Pinned
i used to stare up at the moon. longing.
the closest i ever got was the big gray model at the science museum, big enough to fill a room, but so small really, in the grand scheme.
astronauts, i was told, had to be good at math. i could always ask my mother now - did she say that to motivate, or disqualify? did she hope that memory of the moon, that desire, would reach me while i sat sobbing over pre-algebra at the dining room table?
playing a conversation game, i am asked the prompt. would you rather have a million dollars or go to the moon? (but you can't tell anyone you've been. it must stay a secret, between the moon and you.)
it is an easy choice for me. my husband and his friend are baffled - what's the point of going to the moon if not to brag of the experience? i want to ask them if they've never wanted something just to want it.
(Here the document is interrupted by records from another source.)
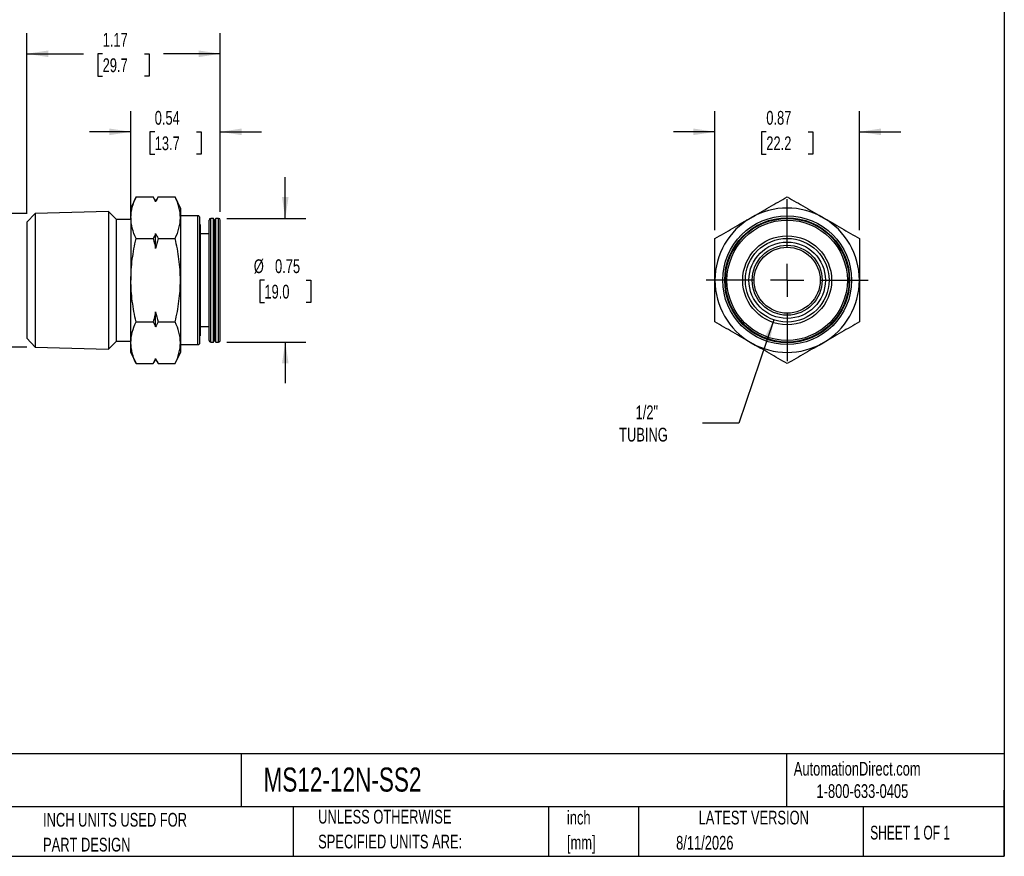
# Model space of a CAD drawing. Header units: inches. Extents: x 0.2 to 10.8, y 0.2 to 8.2.
# Tile 2 of 3: x 4.8 to 10.8, y 0.2 to 5.3. Entities that reach past the tile are written whole.
import ezdxf

# ---------------------------------------------------------------- set-up
doc = ezdxf.new("R2010")
doc.units = ezdxf.units.IN
doc.header["$MEASUREMENT"] = 0
doc.linetypes.add('SLD-Center', pattern=[0.75, 0.6, -0.05, 0.05, -0.05])
doc.linetypes.add('SLD-Solid', pattern=[0])
doc.layers.add('CENTER', color=40, linetype='SLD-Center')
doc.layers.add('DIMENSIONS', color=140, linetype='SLD-Solid', lineweight=25)
doc.layers.add('TEXT', color=140, linetype='SLD-Solid', lineweight=25)
doc.styles.add('SLDTEXTSTYLE0', font='TXT', dxfattribs={"width": 0.7})
doc.styles.add('SLDTEXTSTYLE1', font='TXT', dxfattribs={"width": 0.65})
doc.dimstyles.new('SLDDIMSTYLE0', dxfattribs={"dimtxt": 0.084961, "dimasz": 0.13, "dimexe": 0, "dimexo": 0.0625, "dimgap": 0.02124, "dimtad": 0, "dimtih": 1, "dimtoh": 1, "dimrnd": 1e-09, "dimzin": 12, "dimdsep": 46, "dimtxsty": 'SLDTEXTSTYLE0', "dimsah": 1, "dimcen": 0.09, "dimadec": 0, "dimazin": 3, "dimtfac": 1, "dimtofl": 0, "dimtmove": 0, "dimatfit": 3, "dimfxl": 0, "dimfrac": 2, "dimtolj": 1, "dimtzin": 12, "dimarcsym": 0})
doc.dimstyles.new('SLDDIMSTYLE1', dxfattribs={"dimtxt": 0.084961, "dimasz": 0.13, "dimexe": 0, "dimexo": 0.0625, "dimgap": 0.02124, "dimtad": 0, "dimtih": 1, "dimtoh": 1, "dimrnd": 1e-09, "dimdsep": 46, "dimtxsty": 'SLDTEXTSTYLE0', "dimsah": 1, "dimcen": 0.09, "dimadec": 0, "dimazin": 2, "dimtfac": 1, "dimtmove": 0, "dimatfit": 0, "dimfxl": 0, "dimfrac": 2, "dimtolj": 1, "dimtzin": 12, "dimarcsym": 0})
doc.dimstyles.new('SLDDIMSTYLE2', dxfattribs={"dimtxt": 0.084961, "dimasz": 0.13, "dimexe": 0, "dimexo": 0.0625, "dimgap": 0.02124, "dimtad": 0, "dimtih": 1, "dimtoh": 1, "dimrnd": 1e-09, "dimzin": 12, "dimdsep": 46, "dimtxsty": 'SLDTEXTSTYLE0', "dimsah": 1, "dimcen": 0, "dimadec": 0, "dimazin": 3, "dimtfac": 1, "dimtofl": 0, "dimtmove": 0, "dimatfit": 3, "dimfxl": 0, "dimfrac": 2, "dimtolj": 1, "dimtzin": 12, "dimarcsym": 0})

# ---------------------------------------------------------------- blocks, each defined once
blk = doc.blocks.new('SW_NOTE_0')
at = {"layer": 'TEXT', "color": 0, "char_height": 0.08333, "attachment_point": 1, "style": 'SLDTEXTSTYLE0'}
for s, insert in [('inch', (0, 0.1074)), ('[mm]', (0, -0.0431))]:
    blk.add_mtext(s, dxfattribs=dict(at, insert=insert))
blk = doc.blocks.new('SW_NOTE_0_1')
at = {"layer": 'TEXT', "color": 0, "char_height": 0.083333, "attachment_point": 1, "style": 'SLDTEXTSTYLE0'}
for s, insert in [('UNLESS OTHERWISE', (0, 0.1074)), ('SPECIFIED UNITS ARE:', (0, -0.0431))]:
    blk.add_mtext(s, dxfattribs=dict(at, insert=insert))
blk = doc.blocks.new('SW_NOTE_0_5')
at = {"layer": 'TEXT', "color": 0, "char_height": 0.083333, "attachment_point": 1, "style": 'SLDTEXTSTYLE0'}
for s, insert in [('INCH UNITS USED FOR', (0, 0.1074)), ('PART DESIGN', (0, -0.0431))]:
    blk.add_mtext(s, dxfattribs=dict(at, insert=insert))
blk = doc.blocks.new('_D')
at = {"layer": 'DIMENSIONS'}
for p, q in [((4.8365, 4.142), (4.3173, 4.142)), ((4.4423, 4.142), (4.4423, 3.8799)), ((4.4423, 3.3329), (4.4423, 3.6098)), ((4.8365, 3.3329), (4.3173, 3.3329))]:
    blk.add_line(p, q, dxfattribs=at)
for points in [[(4.4423, 4.142), (4.4223, 4.012), (4.4623, 4.012)], [(4.4423, 3.3329), (4.4623, 3.4629), (4.4223, 3.4629)]]:
    blk.add_solid(points, dxfattribs=at)
at = {"layer": 'DIMENSIONS', "char_height": 0.08333, "attachment_point": 1, "style": 'SLDTEXTSTYLE0'}
for s, insert in [('1/2" NPT', (4.192, 3.8522)), ('THREAD', (4.2117, 3.7172))]:
    blk.add_mtext(s, dxfattribs=dict(at, insert=insert))
blk = doc.blocks.new('_D_1')
at = {"layer": 'DIMENSIONS'}
for p, q in [((5.4659, 4.1659), (5.4659, 4.7607)), ((6.006, 4.1516), (6.006, 4.7607)), ((5.4659, 4.6357), (5.2159, 4.6357)), ((5.6097, 4.6357), (5.5811, 4.6357)), ((5.5811, 4.6357), (5.5811, 4.5007)), ((5.8621, 4.6357), (5.8907, 4.6357)), ((5.8907, 4.6357), (5.8907, 4.5007)), ((6.006, 4.6357), (6.256, 4.6357)), ((5.5811, 4.5007), (5.6097, 4.5007)), ((5.8907, 4.5007), (5.8621, 4.5007))]:
    blk.add_line(p, q, dxfattribs=at)
for points in [[(5.4659, 4.6357), (5.3359, 4.6557), (5.3359, 4.6157)], [(6.006, 4.6357), (6.136, 4.6157), (6.136, 4.6557)]]:
    blk.add_solid(points, dxfattribs=at)
at = {"layer": 'DIMENSIONS', "char_height": 0.08333, "attachment_point": 1, "style": 'SLDTEXTSTYLE0'}
for s, insert in [('0.54', (5.6097, 4.7622)), ('13.7', (5.6097, 4.6081))]:
    blk.add_mtext(s, dxfattribs=dict(at, insert=insert))
blk = doc.blocks.new('_D_2')
at = {"layer": 'DIMENSIONS'}
for p, q in [((6.3997, 4.1114), (6.3997, 4.3614)), ((6.0461, 4.1114), (6.5247, 4.1114)), ((6.2734, 3.7374), (6.2449, 3.7374)), ((6.2449, 3.7374), (6.2449, 3.6024)), ((6.5259, 3.7374), (6.5544, 3.7374)), ((6.5544, 3.7374), (6.5544, 3.6024)), ((6.2449, 3.6024), (6.2734, 3.6024)), ((6.5544, 3.6024), (6.5259, 3.6024)), ((6.0461, 3.3634), (6.5247, 3.3634)), ((6.3997, 3.3634), (6.3997, 3.1134))]:
    blk.add_line(p, q, dxfattribs=at)
for points in [[(6.3997, 4.1114), (6.4197, 4.2414), (6.3797, 4.2414)], [(6.3997, 3.3634), (6.3797, 3.2334), (6.4197, 3.2334)]]:
    blk.add_solid(points, dxfattribs=at)
at = {"layer": 'DIMENSIONS', "char_height": 0.08333, "attachment_point": 1, "style": 'SLDTEXTSTYLE0'}
for s, insert in [('%%c', (6.2093, 3.8639)), ('0.75', (6.3376, 3.8639)), ('19.0', (6.2734, 3.7098))]:
    blk.add_mtext(s, dxfattribs=dict(at, insert=insert))
blk = doc.blocks.new('_D_3')
at = {"layer": 'DIMENSIONS'}
for p, q in [((4.836, 4.1385), (4.836, 5.2332)), ((6.006, 4.1516), (6.006, 5.2332)), ((4.836, 5.1082), (5.1796, 5.1082)), ((5.2947, 5.1082), (5.2662, 5.1082)), ((5.2662, 5.1082), (5.2662, 4.9731)), ((5.5472, 5.1082), (5.5757, 5.1082)), ((5.5757, 5.1082), (5.5757, 4.9731)), ((6.006, 5.1082), (5.6623, 5.1082)), ((5.2662, 4.9731), (5.2947, 4.9731)), ((5.5757, 4.9731), (5.5472, 4.9731))]:
    blk.add_line(p, q, dxfattribs=at)
for points in [[(4.836, 5.1082), (4.966, 5.0882), (4.966, 5.1282)], [(6.006, 5.1082), (5.876, 5.1282), (5.876, 5.0882)]]:
    blk.add_solid(points, dxfattribs=at)
at = {"layer": 'DIMENSIONS', "char_height": 0.08333, "attachment_point": 1, "style": 'SLDTEXTSTYLE0'}
for s, insert in [('1.17', (5.2947, 5.2346)), ('29.7', (5.2947, 5.0806))]:
    blk.add_mtext(s, dxfattribs=dict(at, insert=insert))
blk = doc.blocks.new('_D_4')
at = {"layer": 'DIMENSIONS'}
for p, q in [((9.355, 3.4977), (9.1429, 2.8719)), ((9.1429, 2.8719), (8.9242, 2.8719))]:
    blk.add_line(p, q, dxfattribs=at)
blk.add_solid([(9.355, 3.4977), (9.2944, 3.381), (9.3322, 3.3681)], dxfattribs=at)
at = {"layer": 'DIMENSIONS', "char_height": 0.08333, "attachment_point": 1, "style": 'SLDTEXTSTYLE0'}
for s, insert in [('1/2"', (8.5192, 2.9793)), ('TUBING', (8.4194, 2.8443))]:
    blk.add_mtext(s, dxfattribs=dict(at, insert=insert))
blk = doc.blocks.new('_D_5')
at = {"layer": 'DIMENSIONS'}
for p, q in [((8.9993, 4.0397), (8.9993, 4.7607)), ((9.8733, 4.0397), (9.8733, 4.7607)), ((8.9993, 4.6357), (8.7493, 4.6357)), ((9.31, 4.6357), (9.2815, 4.6357)), ((9.2815, 4.6357), (9.2815, 4.5007)), ((9.5625, 4.6357), (9.591, 4.6357)), ((9.591, 4.6357), (9.591, 4.5007)), ((9.8733, 4.6357), (10.1233, 4.6357)), ((9.2815, 4.5007), (9.31, 4.5007)), ((9.591, 4.5007), (9.5625, 4.5007))]:
    blk.add_line(p, q, dxfattribs=at)
for points in [[(8.9993, 4.6357), (8.8693, 4.6557), (8.8693, 4.6157)], [(9.8733, 4.6357), (10.0033, 4.6157), (10.0033, 4.6557)]]:
    blk.add_solid(points, dxfattribs=at)
at = {"layer": 'DIMENSIONS', "char_height": 0.08333, "attachment_point": 1, "style": 'SLDTEXTSTYLE0'}
for s, insert in [('0.87', (9.31, 4.7622)), ('22.2', (9.31, 4.6081))]:
    blk.add_mtext(s, dxfattribs=dict(at, insert=insert))
blk = doc.blocks.new('SW_CENTERMARKSYMBOL_0')
at = {"layer": 'CENTER', "color": 0}
for p, q in [((0, 0.2), (0, 0.4898)), ((0, 0), (0, 0.1)), ((-0.2, 0), (-0.4898, 0)), ((0, 0), (-0.1, 0)), ((0, 0), (0, -0.1)), ((0, 0), (0.1, 0)), ((0.2, 0), (0.4898, 0)), ((0, -0.2), (0, -0.4898))]:
    blk.add_line(p, q, dxfattribs=at)

msp = doc.modelspace()

# ---------------------------------------------------------------- linework, layer by layer
for p, q in [((5.4974, 4.242), (5.4659, 4.1744)), ((5.4974, 4.242), (5.5996, 4.242)), ((5.6155, 4.2145), (5.5996, 4.242)), ((5.6314, 4.242), (5.6155, 4.2145)), ((5.6314, 4.242), (5.7336, 4.242)), ((5.7651, 4.1744), (5.7336, 4.242)), ((5.4659, 4.1159), (5.4659, 4.1744)), ((5.6155, 4.2115), (5.6155, 4.2145)), ((5.7651, 4.1744), (5.7651, 4.1159)), ((4.8865, 4.142), (4.836, 4.0885)), ((5.3304, 4.1544), (4.8865, 4.142)), ((4.8865, 4.142), (4.8865, 3.3329)), ((5.3793, 4.1055), (5.3304, 4.1544)), ((5.3304, 4.1544), (5.3304, 3.3205)), ((5.4659, 4.1159), (5.4659, 3.7374)), ((5.8714, 4.1272), (5.7651, 4.1272)), ((5.7651, 4.1159), (5.7651, 3.7374)), ((5.8714, 3.3477), (5.8714, 4.1272)), ((5.8832, 3.3595), (5.8832, 4.1154)), ((5.9657, 4.1114), (5.9489, 4.1114)), ((5.9489, 3.7374), (5.9489, 4.1114)), ((5.9725, 4.0996), (5.9657, 4.1114)), ((5.9657, 3.7374), (5.9657, 4.1114)), ((5.9793, 4.1114), (5.9725, 4.0996)), ((5.9961, 4.1114), (5.9793, 4.1114)), ((5.9793, 3.7374), (5.9793, 4.1114)), ((5.9961, 3.7374), (5.9961, 4.1114)), ((4.836, 4.0885), (4.836, 3.3864)), ((5.4659, 4.1055), (5.3793, 4.1055)), ((5.3793, 3.3693), (5.3793, 4.1055)), ((5.884, 4.075), (5.8832, 4.075)), ((5.884, 4.075), (5.884, 3.5101)), ((5.939, 3.7374), (5.939, 4.1016)), ((5.9725, 3.7374), (5.9725, 4.0996)), ((6.006, 3.7374), (6.006, 4.1016)), ((5.6155, 3.9287), (5.6155, 4.0202)), ((5.939, 4.0185), (5.884, 4.0185)), ((5.4974, 3.9897), (5.5996, 3.9897)), ((5.6314, 3.9897), (5.7336, 3.9897)), ((5.4659, 3.359), (5.4659, 3.7374)), ((5.7651, 3.7374), (5.7651, 3.359)), ((5.939, 3.3732), (5.939, 3.7374)), ((5.9489, 3.3634), (5.9489, 3.7374)), ((5.9657, 3.3634), (5.9657, 3.7374)), ((5.9725, 3.3752), (5.9725, 3.7374)), ((5.9793, 3.3634), (5.9793, 3.7374)), ((5.9961, 3.3634), (5.9961, 3.7374)), ((6.006, 3.3732), (6.006, 3.7374)), ((5.6155, 3.4546), (5.6155, 3.5461)), ((5.4974, 3.4851), (5.5996, 3.4851)), ((5.6314, 3.4851), (5.7336, 3.4851)), ((5.884, 3.5101), (5.8832, 3.5101)), ((5.884, 3.4878), (5.8832, 3.4878)), ((5.884, 3.5101), (5.884, 3.4878)), ((5.884, 3.4878), (5.884, 3.3998)), ((5.884, 3.4563), (5.939, 3.4563)), ((5.8832, 3.3998), (5.884, 3.3998)), ((4.836, 3.3864), (4.8865, 3.3329)), ((5.3304, 3.3205), (5.3793, 3.3693)), ((5.3793, 3.3693), (5.4659, 3.3693)), ((5.4659, 3.3004), (5.4659, 3.359)), ((5.7651, 3.359), (5.7651, 3.3004)), ((5.7651, 3.3477), (5.8714, 3.3477)), ((5.9489, 3.3634), (5.9657, 3.3634)), ((5.9657, 3.3634), (5.9725, 3.3752)), ((5.9725, 3.3752), (5.9793, 3.3634)), ((5.9793, 3.3634), (5.9961, 3.3634)), ((4.8865, 3.3329), (5.3304, 3.3205)), ((5.4659, 3.3004), (5.4974, 3.2328)), ((5.7336, 3.2328), (5.7651, 3.3004)), ((5.4974, 3.2328), (5.5996, 3.2328)), ((5.5996, 3.2328), (5.6155, 3.2604)), ((5.6155, 3.2604), (5.6155, 3.2633)), ((5.6155, 3.2604), (5.6314, 3.2328)), ((5.6314, 3.2328), (5.7336, 3.2328))]:
    msp.add_line(p, q)
for radius in [0.3898, 0.378, 0.374, 0.3642, 0.2691, 0.2531, 0.2313, 0.2116, 0.1998]:
    msp.add_circle((9.4363, 3.7374), radius)
for centre, radius, start, end in [((9.4363, 3.7374), 0.437, 60, 120), ((5.8714, 4.1154), 0.0118, 0, 90), ((5.9489, 4.1016), 0.00984, 90, 180), ((5.9961, 4.1016), 0.00984, 0, 90), ((9.4363, 3.7374), 0.437, 120, 180), ((9.4363, 3.7374), 0.437, 0, 60), ((9.4363, 3.7374), 0.437, 180, 240), ((9.4363, 3.7374), 0.437, 300, 0), ((5.8714, 3.3595), 0.0118, 270, 0), ((5.9489, 3.3732), 0.00984, 180, 270), ((5.9961, 3.3732), 0.00984, 270, 0), ((9.4363, 3.7374), 0.437, 240, 300)]:
    msp.add_arc(centre, radius, start, end)
for points in [[(5.4659, 4.1159), (5.4659, 4.1372), (5.4688, 4.1584), (5.4798, 4.2004), (5.4877, 4.2213), (5.4974, 4.242)], [(5.7651, 4.1159), (5.7651, 4.1372), (5.7621, 4.1584), (5.7512, 4.2004), (5.7432, 4.2213), (5.7336, 4.242)], [(9.2178, 4.1159), (9.2548, 4.1372), (9.2914, 4.1584), (9.3642, 4.2004), (9.4003, 4.2213), (9.4363, 4.242)], [(9.4363, 4.242), (9.4722, 4.2213), (9.5083, 4.2004), (9.5811, 4.1584), (9.6178, 4.1372), (9.6548, 4.1159)], [(5.4974, 3.9897), (5.4877, 4.0105), (5.4798, 4.0313), (5.4688, 4.0734), (5.4659, 4.0945), (5.4659, 4.1159)], [(5.7336, 3.9897), (5.7432, 4.0105), (5.7512, 4.0313), (5.7621, 4.0734), (5.7651, 4.0945), (5.7651, 4.1159)], [(8.9993, 3.9897), (9.0352, 4.0105), (9.0713, 4.0313), (9.1441, 4.0734), (9.1808, 4.0945), (9.2178, 4.1159)], [(9.6548, 4.1159), (9.6918, 4.0945), (9.7284, 4.0734), (9.8012, 4.0313), (9.8373, 4.0105), (9.8733, 3.9897)], [(5.4659, 3.7374), (5.4659, 3.7801), (5.4688, 3.8225), (5.4798, 3.9065), (5.4877, 3.9482), (5.4974, 3.9897)], [(5.7651, 3.7374), (5.7651, 3.7801), (5.7621, 3.8225), (5.7512, 3.9065), (5.7432, 3.9482), (5.7336, 3.9897)], [(8.9993, 3.7374), (8.9993, 3.7801), (8.9993, 3.8225), (8.9993, 3.9065), (8.9993, 3.9482), (8.9993, 3.9897)], [(9.8733, 3.9897), (9.8733, 3.9482), (9.8733, 3.9065), (9.8733, 3.8225), (9.8733, 3.7801), (9.8733, 3.7374)], [(5.4974, 3.4851), (5.4877, 3.5266), (5.4798, 3.5683), (5.4688, 3.6524), (5.4659, 3.6947), (5.4659, 3.7374)], [(5.7336, 3.4851), (5.7432, 3.5266), (5.7512, 3.5683), (5.7621, 3.6524), (5.7651, 3.6947), (5.7651, 3.7374)], [(8.9993, 3.4851), (8.9993, 3.5266), (8.9993, 3.5683), (8.9993, 3.6524), (8.9993, 3.6947), (8.9993, 3.7374)], [(9.8733, 3.7374), (9.8733, 3.6947), (9.8733, 3.6524), (9.8733, 3.5683), (9.8733, 3.5266), (9.8733, 3.4851)], [(5.4659, 3.359), (5.4659, 3.3803), (5.4688, 3.4015), (5.4798, 3.4435), (5.4877, 3.4644), (5.4974, 3.4851)], [(5.7651, 3.359), (5.7651, 3.3803), (5.7621, 3.4015), (5.7512, 3.4435), (5.7432, 3.4644), (5.7336, 3.4851)], [(9.2178, 3.359), (9.1808, 3.3803), (9.1441, 3.4015), (9.0713, 3.4435), (9.0352, 3.4644), (8.9993, 3.4851)], [(9.8733, 3.4851), (9.8373, 3.4644), (9.8012, 3.4435), (9.7284, 3.4015), (9.6918, 3.3803), (9.6548, 3.359)], [(5.4974, 3.2328), (5.4877, 3.2536), (5.4798, 3.2744), (5.4688, 3.3164), (5.4659, 3.3376), (5.4659, 3.359)], [(5.7336, 3.2328), (5.7432, 3.2536), (5.7512, 3.2744), (5.7621, 3.3164), (5.7651, 3.3376), (5.7651, 3.359)], [(9.4363, 3.2328), (9.4003, 3.2536), (9.3642, 3.2744), (9.2914, 3.3164), (9.2548, 3.3376), (9.2178, 3.359)], [(9.6548, 3.359), (9.6178, 3.3376), (9.5811, 3.3164), (9.5083, 3.2744), (9.4722, 3.2536), (9.4363, 3.2328)]]:
    msp.add_open_spline(points, degree=3, knots=[0, 0, 0, 0, 0.5, 0.5, 1, 1, 1, 1])
for points in [[(5.5996, 4.242), (5.6054, 4.2319), (5.6108, 4.2217), (5.6155, 4.2115)], [(5.6314, 4.242), (5.6255, 4.2319), (5.6202, 4.2217), (5.6155, 4.2115)], [(5.6155, 4.0202), (5.6108, 4.01), (5.6054, 3.9998), (5.5996, 3.9897)], [(5.6155, 4.0202), (5.6202, 4.01), (5.6255, 3.9998), (5.6314, 3.9897)], [(5.5996, 3.9897), (5.6054, 3.9695), (5.6108, 3.9492), (5.6155, 3.9287)], [(5.6314, 3.9897), (5.6255, 3.9695), (5.6202, 3.9492), (5.6155, 3.9287)], [(5.6155, 3.5461), (5.6108, 3.5257), (5.6054, 3.5054), (5.5996, 3.4851)], [(5.6155, 3.5461), (5.6202, 3.5257), (5.6255, 3.5054), (5.6314, 3.4851)], [(5.5996, 3.4851), (5.6054, 3.475), (5.6108, 3.4648), (5.6155, 3.4546)], [(5.6314, 3.4851), (5.6255, 3.475), (5.6202, 3.4648), (5.6155, 3.4546)], [(5.6155, 3.2633), (5.6108, 3.2531), (5.6054, 3.2429), (5.5996, 3.2328)], [(5.6155, 3.2633), (5.6202, 3.2531), (5.6255, 3.2429), (5.6314, 3.2328)]]:
    msp.add_open_spline(points, degree=3)
at = {"layer": 'TEXT'}
for p, q in [((10.75, 8.25), (10.75, 0.25)), ((10.75, 0.8711), (0.25, 0.8711)), ((6.1322, 0.8711), (6.1322, 0.55)), ((9.4321, 0.8711), (9.4321, 0.55)), ((10.75, 0.25), (10.75, 0.65)), ((10.75, 0.55), (0.25, 0.55)), ((6.448, 0.55), (6.448, 0.25)), ((7.9931, 0.55), (7.9931, 0.25)), ((8.5359, 0.55), (8.5359, 0.25)), ((9.8956, 0.55), (9.8956, 0.25)), ((0.25, 0.25), (10.75, 0.25))]:
    msp.add_line(p, q, dxfattribs=at)

# ---------------------------------------------------------------- block references
at = {"layer": 'CENTER'}
msp.add_blockref('SW_CENTERMARKSYMBOL_0', (9.4363, 3.7374), dxfattribs=at)
at = {"layer": 'TEXT'}
for name, p in [('SW_NOTE_0_5', (4.9342, 0.4055)), ('SW_NOTE_0_1', (6.5987, 0.4241)), ('SW_NOTE_0', (8.104, 0.4186))]:
    msp.add_blockref(name, p, dxfattribs=at)

# ---------------------------------------------------------------- texts
for s, insert, char_height, attachment_point, style in [('MS12-12N-SS2', (6.268, 0.7875), 0.145833, 1, 'SLDTEXTSTYLE0'), ('AutomationDirect.com', (9.4762, 0.8219), 0.083333, 1, 'SLDTEXTSTYLE0'), ('1-800-633-0405', (9.6138, 0.6865), 0.083333, 1, 'SLDTEXTSTYLE0'), ('LATEST VERSION', (9.2343, 0.5261), 0.083333, 2, 'SLDTEXTSTYLE0'), ('SHEET 1 OF 1', (9.9386, 0.4351), 0.083333, 1, 'SLDTEXTSTYLE1'), ('8/11/2026', (8.7643, 0.3737), 0.08333, 1, 'SLDTEXTSTYLE0')]:
    msp.add_mtext(s, dxfattribs=dict(at, insert=insert, char_height=char_height, attachment_point=attachment_point, style=style))

# ---------------------------------------------------------------- dimensions: what is measured, and where the dimension line sits
at = {"layer": 'DIMENSIONS'}
for base, p1, p2, dimstyle, picture, middle in [((4.836, 5.1082), (6.006, 4.1016), (4.836, 4.0885), 'SLDDIMSTYLE0', '_D_3', (5.421, 5.1082)), ((6.006, 4.6357), (5.4659, 4.1159), (6.006, 4.1016), 'SLDDIMSTYLE1', '_D_1', (5.7359, 4.6357)), ((8.9993, 4.6357), (9.8733, 3.9897), (8.9993, 3.9897), 'SLDDIMSTYLE1', '_D_5', (9.4363, 4.6357))]:
    dim = msp.add_linear_dim(base=base, p1=p1, p2=p2, dimstyle=dimstyle, dxfattribs=at)
    dim.commit()
    dim.dimension.update_dxf_attribs({"geometry": picture, "text_midpoint": middle, "dimtype": 160})
for base, p1, p2, text, dimstyle, picture, middle in [((6.3997, 3.3634), (5.9961, 4.1114), (5.9961, 3.3634), '%%c<>', 'SLDDIMSTYLE1', '_D_2', (6.3997, 3.7374)), ((4.4423, 3.3329), (4.8865, 4.142), (4.8865, 3.3329), '1/2" NPT\\PTHREAD', 'SLDDIMSTYLE0', '_D', (4.4423, 3.7448))]:
    dim = msp.add_linear_dim(base=base, p1=p1, p2=p2, angle=90, text=text, dimstyle=dimstyle, dxfattribs=at)
    dim.commit()
    dim.dimension.update_dxf_attribs({"geometry": picture, "text_midpoint": middle, "dimtype": 160})
dim = msp.add_diameter_dim_2p(p1=(9.5175, 3.9772), p2=(9.355, 3.4977), text='1/2"\\PTUBING', dimstyle='SLDDIMSTYLE2', override={"dimpost": '<>'}, dxfattribs=at)
dim.commit()
dim.dimension.update_dxf_attribs({"geometry": '_D_4', "text_midpoint": (8.6405, 2.8719), "dimtype": 163})

doc.saveas('drawing.dxf')

(later i will learn the answer, when i find the love letter hidden in his wallet)
i know that i will never have what i wanted in those moments. when the moon looked so close it felt like i could build a ladder and touch it, touch it with my bare hands. that is as close to impossible as anything can be.
but what if the moon saw me one day - if i made her smile? what if she asked me, why are you staring? do you want -?
oh no, no, i would have to demur. i mean, yes. of course i want. but you see, i was never good at math.
what does math have to do with anything? she would ask.
well then, i would say. yes. i have always wanted to touch you.